Eliminate Distractions

  • Earplugs. If there’s one micro-sized piece of gear our team swears by, it’s ear plugs. You may have first discovered the merits of earplugs to live peacefully with your snoring college roommate, but earplugs can be just as useful when sleeping outside. Corded earplugs will prevent them from getting lost as easily. The only downside to plugs is missing out on the night sounds of the outdoors.

  • Eye mask. Sometimes you’re right on schedule with the setting and rising sun, but other times you’re too far up or down a hemisphere or there’s other light pollution that’s keeping you up. An eye mask can gently guard you from the light. If you don’t have one, use your buff.

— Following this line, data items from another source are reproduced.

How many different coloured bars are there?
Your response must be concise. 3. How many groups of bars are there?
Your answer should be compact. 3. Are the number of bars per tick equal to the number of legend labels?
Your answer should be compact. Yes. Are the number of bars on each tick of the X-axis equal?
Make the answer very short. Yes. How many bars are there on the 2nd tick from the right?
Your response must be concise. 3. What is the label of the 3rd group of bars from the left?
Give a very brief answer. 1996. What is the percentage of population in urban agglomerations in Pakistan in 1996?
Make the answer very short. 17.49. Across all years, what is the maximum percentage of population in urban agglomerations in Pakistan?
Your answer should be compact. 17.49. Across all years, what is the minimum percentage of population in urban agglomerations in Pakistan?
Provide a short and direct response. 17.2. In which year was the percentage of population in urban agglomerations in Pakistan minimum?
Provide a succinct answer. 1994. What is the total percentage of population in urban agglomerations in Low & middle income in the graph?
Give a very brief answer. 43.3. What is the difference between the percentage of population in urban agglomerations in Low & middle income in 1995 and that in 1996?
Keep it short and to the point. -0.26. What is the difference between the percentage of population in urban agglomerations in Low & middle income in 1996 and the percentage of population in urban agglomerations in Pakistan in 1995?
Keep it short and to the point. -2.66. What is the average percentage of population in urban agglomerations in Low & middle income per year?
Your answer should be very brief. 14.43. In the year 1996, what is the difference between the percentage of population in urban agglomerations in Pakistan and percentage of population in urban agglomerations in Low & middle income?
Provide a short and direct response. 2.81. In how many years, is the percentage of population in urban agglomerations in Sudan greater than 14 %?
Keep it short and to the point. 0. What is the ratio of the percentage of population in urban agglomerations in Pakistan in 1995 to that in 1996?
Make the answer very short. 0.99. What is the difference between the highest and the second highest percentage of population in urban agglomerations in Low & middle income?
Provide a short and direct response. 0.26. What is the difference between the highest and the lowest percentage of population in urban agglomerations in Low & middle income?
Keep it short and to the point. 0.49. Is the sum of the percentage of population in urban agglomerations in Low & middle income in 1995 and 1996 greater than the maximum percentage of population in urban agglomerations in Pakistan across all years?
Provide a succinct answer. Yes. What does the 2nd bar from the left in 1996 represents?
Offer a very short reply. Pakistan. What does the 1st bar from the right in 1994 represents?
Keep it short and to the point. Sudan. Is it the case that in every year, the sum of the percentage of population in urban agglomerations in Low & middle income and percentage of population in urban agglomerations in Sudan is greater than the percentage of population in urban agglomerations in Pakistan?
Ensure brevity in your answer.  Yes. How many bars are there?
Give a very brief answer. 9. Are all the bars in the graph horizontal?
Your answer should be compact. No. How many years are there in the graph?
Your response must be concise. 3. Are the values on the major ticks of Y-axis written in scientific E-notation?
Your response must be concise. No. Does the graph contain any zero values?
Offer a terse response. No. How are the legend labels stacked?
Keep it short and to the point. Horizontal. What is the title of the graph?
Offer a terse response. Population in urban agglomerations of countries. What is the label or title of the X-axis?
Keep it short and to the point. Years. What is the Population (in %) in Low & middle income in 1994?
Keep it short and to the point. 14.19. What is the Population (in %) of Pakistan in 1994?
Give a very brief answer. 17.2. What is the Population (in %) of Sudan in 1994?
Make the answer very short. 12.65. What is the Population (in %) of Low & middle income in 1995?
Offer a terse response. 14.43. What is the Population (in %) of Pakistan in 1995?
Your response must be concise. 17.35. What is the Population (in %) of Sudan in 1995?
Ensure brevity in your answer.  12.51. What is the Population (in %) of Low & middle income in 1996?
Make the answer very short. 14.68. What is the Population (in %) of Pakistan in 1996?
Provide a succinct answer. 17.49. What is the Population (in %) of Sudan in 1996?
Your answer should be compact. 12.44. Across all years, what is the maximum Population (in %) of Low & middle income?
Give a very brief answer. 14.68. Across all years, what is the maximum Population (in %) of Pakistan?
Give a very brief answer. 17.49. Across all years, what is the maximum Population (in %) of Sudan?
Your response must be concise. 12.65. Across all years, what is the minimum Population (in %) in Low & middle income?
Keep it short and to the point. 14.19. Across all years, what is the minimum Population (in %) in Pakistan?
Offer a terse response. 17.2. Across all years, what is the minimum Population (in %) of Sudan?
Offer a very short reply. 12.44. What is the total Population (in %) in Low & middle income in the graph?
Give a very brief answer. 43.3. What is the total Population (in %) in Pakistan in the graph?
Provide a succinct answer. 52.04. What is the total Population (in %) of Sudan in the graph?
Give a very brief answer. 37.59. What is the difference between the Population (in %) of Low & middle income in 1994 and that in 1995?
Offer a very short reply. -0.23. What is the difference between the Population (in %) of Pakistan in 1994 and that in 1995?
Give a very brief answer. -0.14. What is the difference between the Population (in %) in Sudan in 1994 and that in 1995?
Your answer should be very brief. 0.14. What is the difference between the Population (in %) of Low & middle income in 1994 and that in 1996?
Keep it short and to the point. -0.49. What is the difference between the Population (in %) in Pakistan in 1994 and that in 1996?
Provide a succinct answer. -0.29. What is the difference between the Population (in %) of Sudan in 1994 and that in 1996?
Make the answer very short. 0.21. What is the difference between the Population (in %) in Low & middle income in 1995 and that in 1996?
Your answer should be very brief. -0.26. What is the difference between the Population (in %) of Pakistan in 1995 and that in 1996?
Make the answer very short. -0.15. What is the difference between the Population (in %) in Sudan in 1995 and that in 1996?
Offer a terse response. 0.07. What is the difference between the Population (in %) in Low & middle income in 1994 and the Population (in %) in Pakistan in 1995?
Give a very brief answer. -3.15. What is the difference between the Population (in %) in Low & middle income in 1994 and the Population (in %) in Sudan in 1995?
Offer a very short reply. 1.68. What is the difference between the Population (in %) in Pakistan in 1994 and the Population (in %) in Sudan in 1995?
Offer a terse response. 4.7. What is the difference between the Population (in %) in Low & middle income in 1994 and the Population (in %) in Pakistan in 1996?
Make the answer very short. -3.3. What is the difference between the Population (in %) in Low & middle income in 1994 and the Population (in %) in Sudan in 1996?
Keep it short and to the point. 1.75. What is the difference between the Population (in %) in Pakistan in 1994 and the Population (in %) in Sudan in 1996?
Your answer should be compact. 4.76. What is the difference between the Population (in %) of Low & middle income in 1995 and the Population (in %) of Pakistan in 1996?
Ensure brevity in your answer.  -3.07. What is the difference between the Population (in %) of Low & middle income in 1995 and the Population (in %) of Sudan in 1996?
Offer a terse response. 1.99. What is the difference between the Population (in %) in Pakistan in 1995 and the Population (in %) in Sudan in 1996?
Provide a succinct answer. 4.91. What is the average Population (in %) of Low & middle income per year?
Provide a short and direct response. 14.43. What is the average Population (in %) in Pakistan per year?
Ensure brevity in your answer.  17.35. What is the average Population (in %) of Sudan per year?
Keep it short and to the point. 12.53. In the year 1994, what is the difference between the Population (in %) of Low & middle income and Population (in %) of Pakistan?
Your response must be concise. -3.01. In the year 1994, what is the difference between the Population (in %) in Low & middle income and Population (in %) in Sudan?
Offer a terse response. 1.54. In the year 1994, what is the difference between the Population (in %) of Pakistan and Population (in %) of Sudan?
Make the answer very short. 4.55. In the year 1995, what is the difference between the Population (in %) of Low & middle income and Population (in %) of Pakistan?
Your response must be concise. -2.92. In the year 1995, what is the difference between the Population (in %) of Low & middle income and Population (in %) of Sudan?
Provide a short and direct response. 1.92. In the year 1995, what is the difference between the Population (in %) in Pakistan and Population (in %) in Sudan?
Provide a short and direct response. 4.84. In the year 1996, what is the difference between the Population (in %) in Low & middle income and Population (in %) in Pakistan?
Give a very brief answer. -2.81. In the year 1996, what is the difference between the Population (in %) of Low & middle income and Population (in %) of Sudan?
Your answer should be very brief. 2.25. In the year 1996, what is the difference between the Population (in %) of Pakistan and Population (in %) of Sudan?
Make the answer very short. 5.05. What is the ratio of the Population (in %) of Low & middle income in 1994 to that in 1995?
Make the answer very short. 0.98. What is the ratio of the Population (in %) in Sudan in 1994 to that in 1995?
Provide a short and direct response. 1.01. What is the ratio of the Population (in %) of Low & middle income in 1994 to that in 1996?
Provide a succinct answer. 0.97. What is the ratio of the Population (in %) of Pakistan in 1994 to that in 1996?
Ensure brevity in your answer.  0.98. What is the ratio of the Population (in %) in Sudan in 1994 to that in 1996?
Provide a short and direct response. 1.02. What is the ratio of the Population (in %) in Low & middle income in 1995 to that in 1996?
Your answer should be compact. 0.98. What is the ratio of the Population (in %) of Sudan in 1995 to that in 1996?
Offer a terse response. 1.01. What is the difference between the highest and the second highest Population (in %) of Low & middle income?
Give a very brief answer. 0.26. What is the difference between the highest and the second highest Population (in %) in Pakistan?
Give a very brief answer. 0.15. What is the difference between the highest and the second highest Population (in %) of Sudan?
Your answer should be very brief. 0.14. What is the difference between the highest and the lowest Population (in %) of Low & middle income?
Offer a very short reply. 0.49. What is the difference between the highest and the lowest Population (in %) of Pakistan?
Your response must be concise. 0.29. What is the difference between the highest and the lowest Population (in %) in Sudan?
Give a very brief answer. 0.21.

  • Avoid screens. This advice applies as much to sleeping at home as in the forest. The glow of the screen stimulates your brain and disturbs your natural rhythms as you wind down. If you’ve brought a phone, discipline yourself to turn your phone off for at least an hour before bedtime.

Peace of Mind & Winding Down

  • Enjoy some tea. Enjoying a cup of warm tea is a soothing wind-down ritual with the added bonus of warming you up before bed. Choose a caffeine-free herbal tea such as chamomile or valerian, which can have a sedative effect. Other teas such as lavender and passion flower are known for calming you and reducing stress.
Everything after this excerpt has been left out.